Regarding a block and an inclined plane

[richpetty888]

Homework Statement

Person pushing a block with mass m on an inclined plane with angle [theta]. The friction coefficient is u. If the force applied is constant and parallel to the slope of the plane, show that the acceleration a_x of the block in the direction of motion can be expressed as :
a_x=(P/m)-g(u*cos[theta]+sin[theta])

Homework Equations

Force = P
Mass = m
Gravity = g
Friction coefficient = u
Force = mass*acceleration

The Attempt at a Solution

First I drew the free body diagram, but I'm seriously lost coming up with equations. My book has nothing but vague allusions to formulae (with no examples whatsoever), and the internet is rife with blocks sliding down planes, but barren regarding blocks being pushed up them.

Furthermore, the problem does not give information concerning the distance the block is pushed, nor does it include that measure in the "final answer" I'm supposed to solve for, but I thought distance was essential to measuring acceleration.

Anyways, I'm lost here, folks. My physics acumen is lacking, to say the least, and the fact that my book asks these little "concept" questions while seeming deliberately wordy and mystifying only serves to frustrate me further.

Help please.

 

[sylas]

Homework Statement

Person pushing a block with mass m on an inclined plane with angle [theta]. The friction coefficient is u. If the force applied is constant and parallel to the slope of the plane, show that the acceleration a_x of the block in the direction of motion can be expressed as :
a_x=(P/m)-g(u*cos[theta]+sin[theta])

Homework Equations

Force = P
Mass = m
Gravity = g
Friction coefficient = u
Force = mass*acceleration

The Attempt at a Solution

First I drew the free body diagram, but I'm seriously lost coming up with equations. My book has nothing but vague allusions to formulae (with no examples whatsoever), and the internet is rife with blocks sliding down planes, but barren regarding blocks being pushed up them.

Furthermore, the problem does not give information concerning the distance the block is pushed, nor does it include that measure in the "final answer" I'm supposed to solve for, but I thought distance was essential to measuring acceleration.

Anyways, I'm lost here, folks. My physics acumen is lacking, to say the least, and the fact that my book asks these little "concept" questions while seeming deliberately wordy and mystifying only serves to frustrate me further.

Help please.

The distance doesn't matter here. You have three forces acting on the block. One is the force of gravity. One is the force from the plane. One is the force of the person pushing. All of these add up to a single total force that gives a certain acceleration to the block.
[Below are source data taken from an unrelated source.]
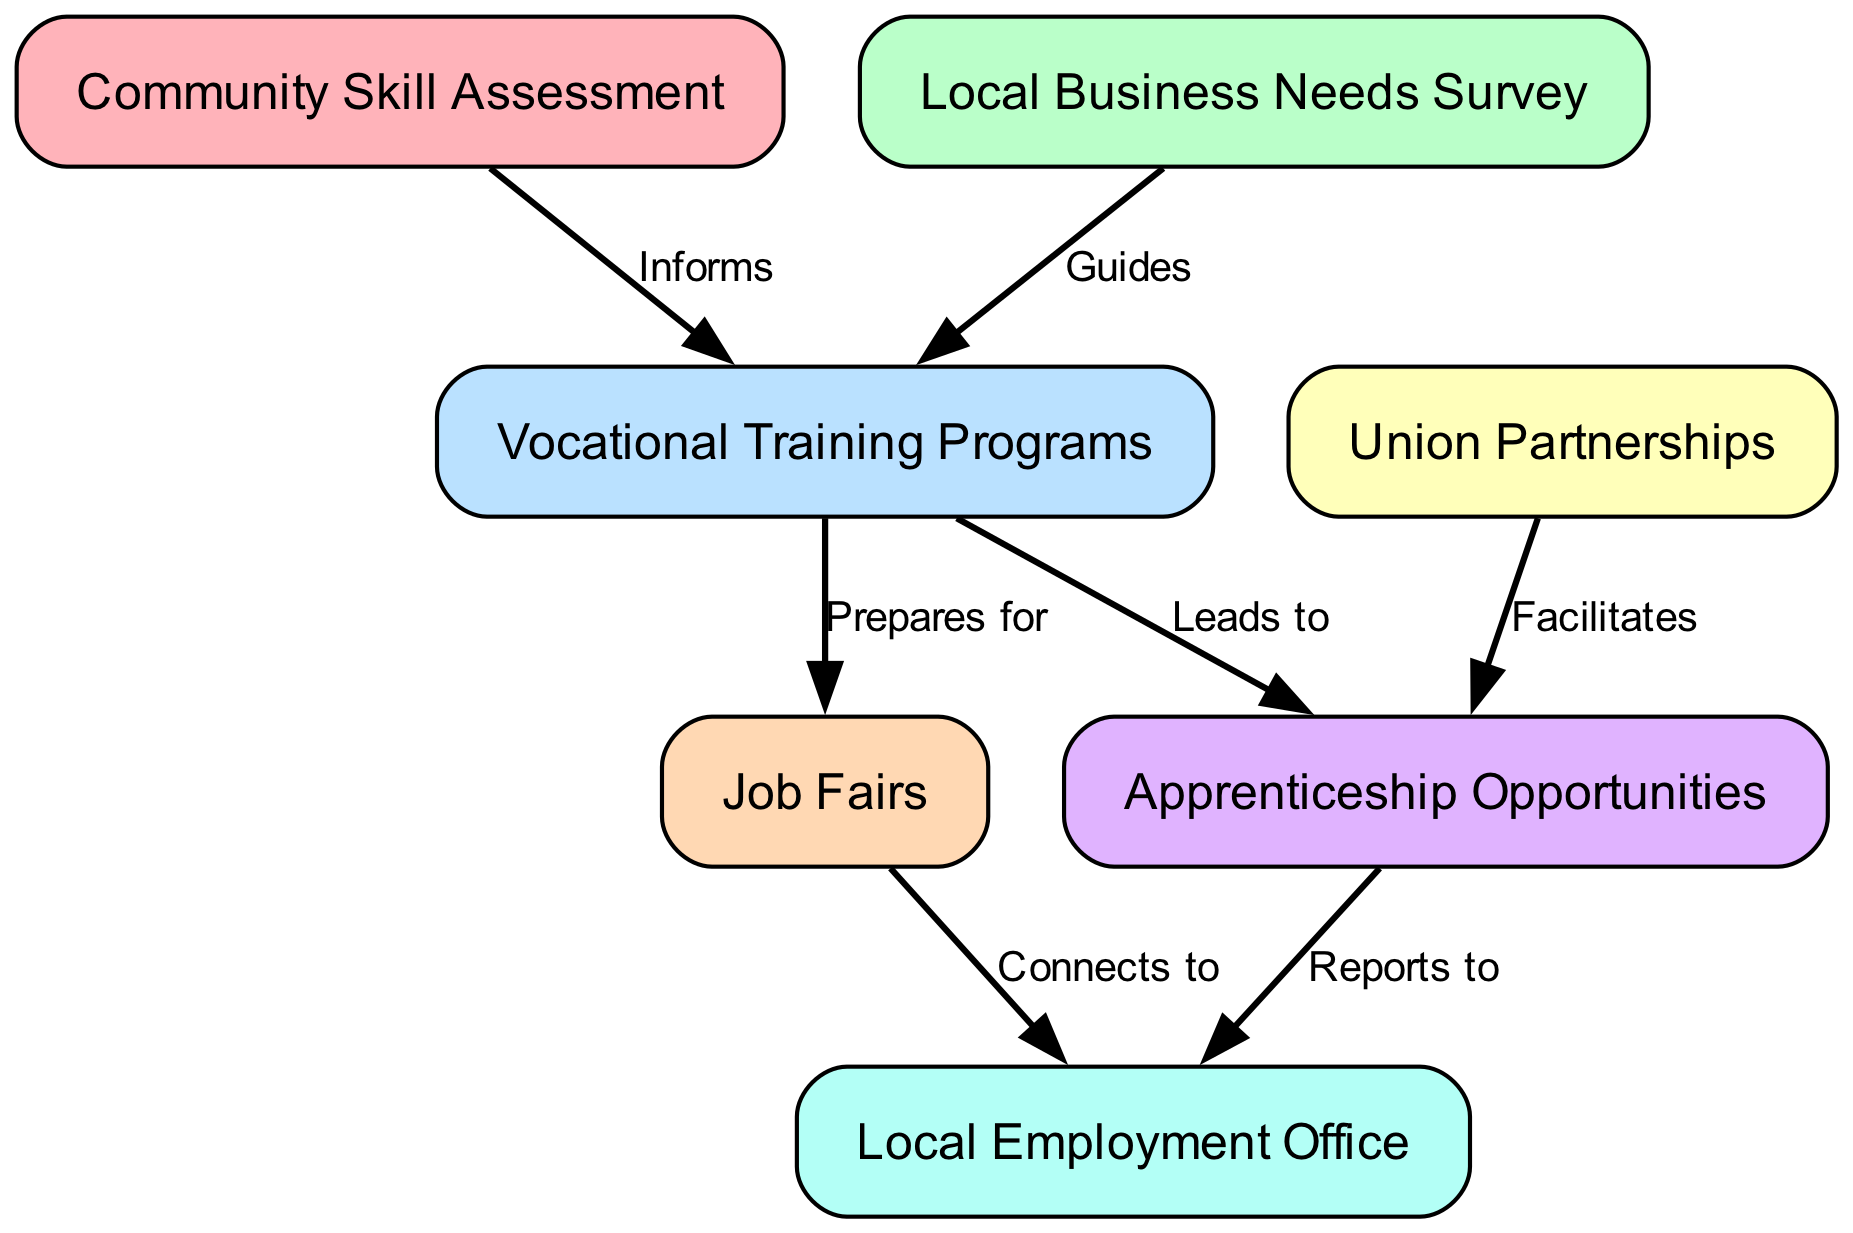What is the first step in the initiative? The diagram shows that the first step in the initiative is "Community Skill Assessment," which is the first node.
Answer: Community Skill Assessment How many nodes are there in total? By counting the nodes provided in the diagram, we see there are seven distinct nodes representing different steps in the initiative.
Answer: 7 What does "Local Business Needs Survey" guide? The diagram indicates that the "Local Business Needs Survey" directs or guides the "Vocational Training Programs," implying its role in shaping training based on business needs.
Answer: Vocational Training Programs Which two nodes are linked by the label "Connects to"? The edge labeled "Connects to" shows a direct relationship between "Job Fairs" and "Local Employment Office." This indicates that job fairs provide a connection to employment opportunities through the local office.
Answer: Local Employment Office What does "Union Partnerships" facilitate? The relationship in the diagram shows that "Union Partnerships" facilitates "Apprenticeship Opportunities," indicating that unions play a role in creating apprenticeship chances for individuals.
Answer: Apprenticeship Opportunities Which node does "Vocational Training Programs" prepare candidates for? According to the diagram, "Vocational Training Programs" are designed to prepare candidates for "Job Fairs," signifying that the skills learned will aid in job seeking.
Answer: Job Fairs What is the last node that reports to the Local Employment Office? The diagram clearly illustrates that "Apprenticeship Opportunities" reports to the "Local Employment Office" as the final step before reaching employment-related services.
Answer: Local Employment Office Which step leads to participation in apprenticeship opportunities? The diagram specifies that "Vocational Training Programs" lead to "Apprenticeship Opportunities," indicating that these programs are a pathway to gaining apprenticeships.
Answer: Apprenticeship Opportunities What is the relationship between "Local Business Needs Survey" and "Vocational Training Programs"? The diagram demonstrates that "Local Business Needs Survey" guides "Vocational Training Programs," which means that business needs drive the training offered.
Answer: Guides

What do you know about the co-efficient of friction? Have you got any equations for that?

Cheers -- sylas

 

[richpetty888]

Ok, I've got the force of gravity equaling m*(-g)*sin[theta]. Friction doesn't apply to that one, so no "u".
Then, pushing force = u*mg*cos[theta].
Finally, force of the plane = P*(u*m).

If I add them together (?) I get P(u*m)+(m*g)(ucos[theta]-sin[theta])

I seem to have the last part correct, only everything before it is off. There is undoubtedly an error in the equations I just listed, but they're all I have. I guess an explanation of a little theory here might help me. Why am I subtracting the g(ucos - sin) part, and how do I get there? How do I get rid of the u in the first part?

I think I'm using equations for work instead of equations for forces, which might explain the extra variables.

 

[willem2]

you seem to have mixed up the pushing force and the force of the plane.
The pushing force is just P.
The size of the force of the plane (I would call it friction force) is indeed u*mg*cos(theta). It's working against the direction of movement, so it needs a minus sign.
If you add them and use F=ma you get the right answer

 

[richpetty888]

Thank you, sylas and willem! I understand it now.